The task.
In the reply, give back exactly the lines from the one with "name -> x, y, z" through the last line of the records, without pictures.

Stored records

——

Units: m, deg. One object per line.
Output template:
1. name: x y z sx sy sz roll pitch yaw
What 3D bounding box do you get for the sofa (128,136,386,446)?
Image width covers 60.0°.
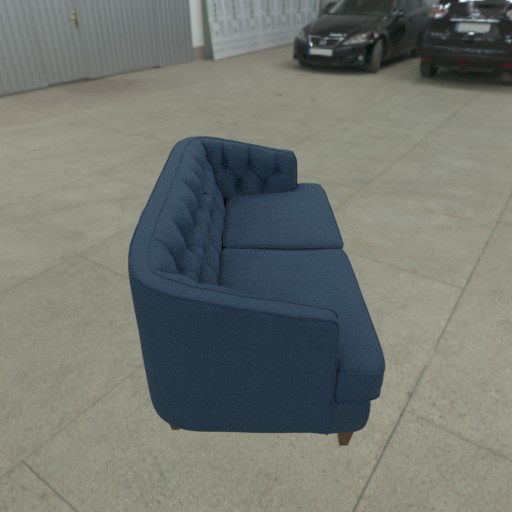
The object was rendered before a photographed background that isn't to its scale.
1. sofa: 0.000 0.000 2.294 0.941 0.854 1.733 0 32 -1
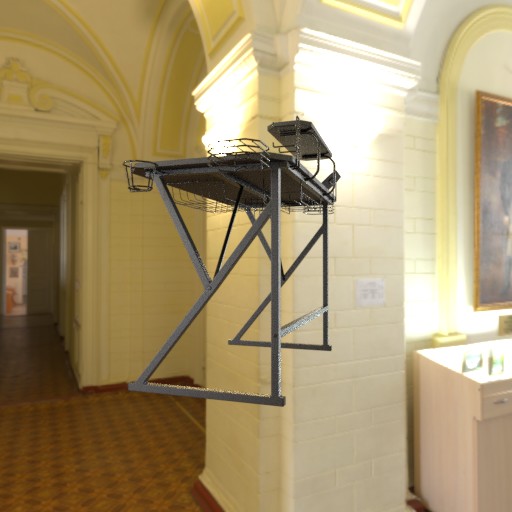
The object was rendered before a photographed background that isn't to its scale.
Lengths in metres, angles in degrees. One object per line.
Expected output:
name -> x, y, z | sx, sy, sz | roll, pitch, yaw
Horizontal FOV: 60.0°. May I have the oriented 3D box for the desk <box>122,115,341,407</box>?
desk -> 0.000, 0.000, 1.762 | 0.580, 0.880, 1.290 | 0, -1, 19
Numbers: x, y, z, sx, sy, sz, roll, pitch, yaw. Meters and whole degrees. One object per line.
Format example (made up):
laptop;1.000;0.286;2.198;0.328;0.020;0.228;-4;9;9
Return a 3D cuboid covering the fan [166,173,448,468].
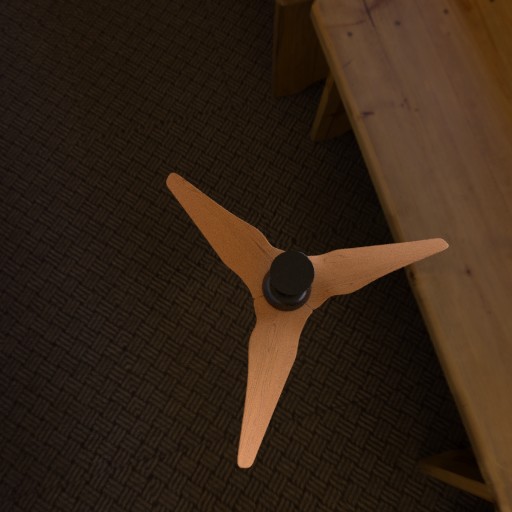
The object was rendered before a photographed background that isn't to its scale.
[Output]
fan;0.000;0.000;1.612;1.010;0.355;1.142;42;80;9
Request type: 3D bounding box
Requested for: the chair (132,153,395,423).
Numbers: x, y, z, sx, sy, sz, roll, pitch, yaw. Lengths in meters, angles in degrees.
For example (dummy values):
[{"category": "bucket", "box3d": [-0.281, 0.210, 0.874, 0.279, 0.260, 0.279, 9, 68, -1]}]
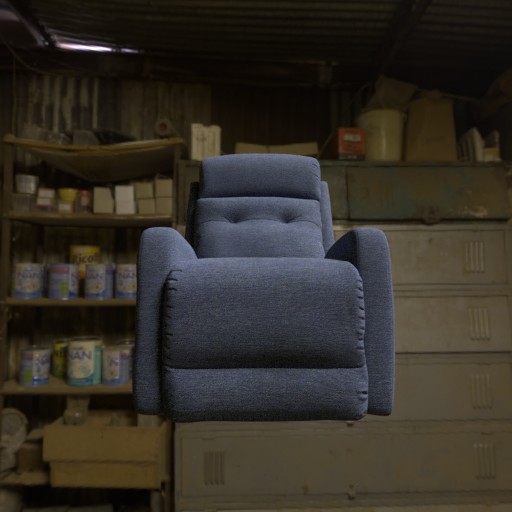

——

Task answer.
name -> x, y, z | sx, sy, sz | roll, pitch, yaw
Horizontal FOV: 60.0°. May I have the oriented 3D box for the desk <box>122,115,341,407</box>?
desk -> 0.000, 0.000, 1.762 | 0.580, 0.880, 1.290 | 0, -1, 19
Numbers: x, y, z, sx, sy, sz, roll, pitch, yaw. Meters and whole degrees. One object per line.
Format example (made up):
laptop;1.000;0.286;2.198;0.328;0.020;0.228;-4;9;9
Return a 3D cuboid covering the fan [166,173,448,468].
The object was rendered before a photographed background that isn't to its scale.
[Output]
fan;0.000;0.000;1.612;1.010;0.355;1.142;42;80;9
Request type: 3D bounding box
Requested for: the chair (132,153,395,423).
Numbers: x, y, z, sx, sy, sz, roll, pitch, yaw. Lengths in meters, angles in degrees.
For example (dummy values):
[{"category": "bucket", "box3d": [-0.281, 0.210, 0.874, 0.279, 0.260, 0.279, 9, 68, -1]}]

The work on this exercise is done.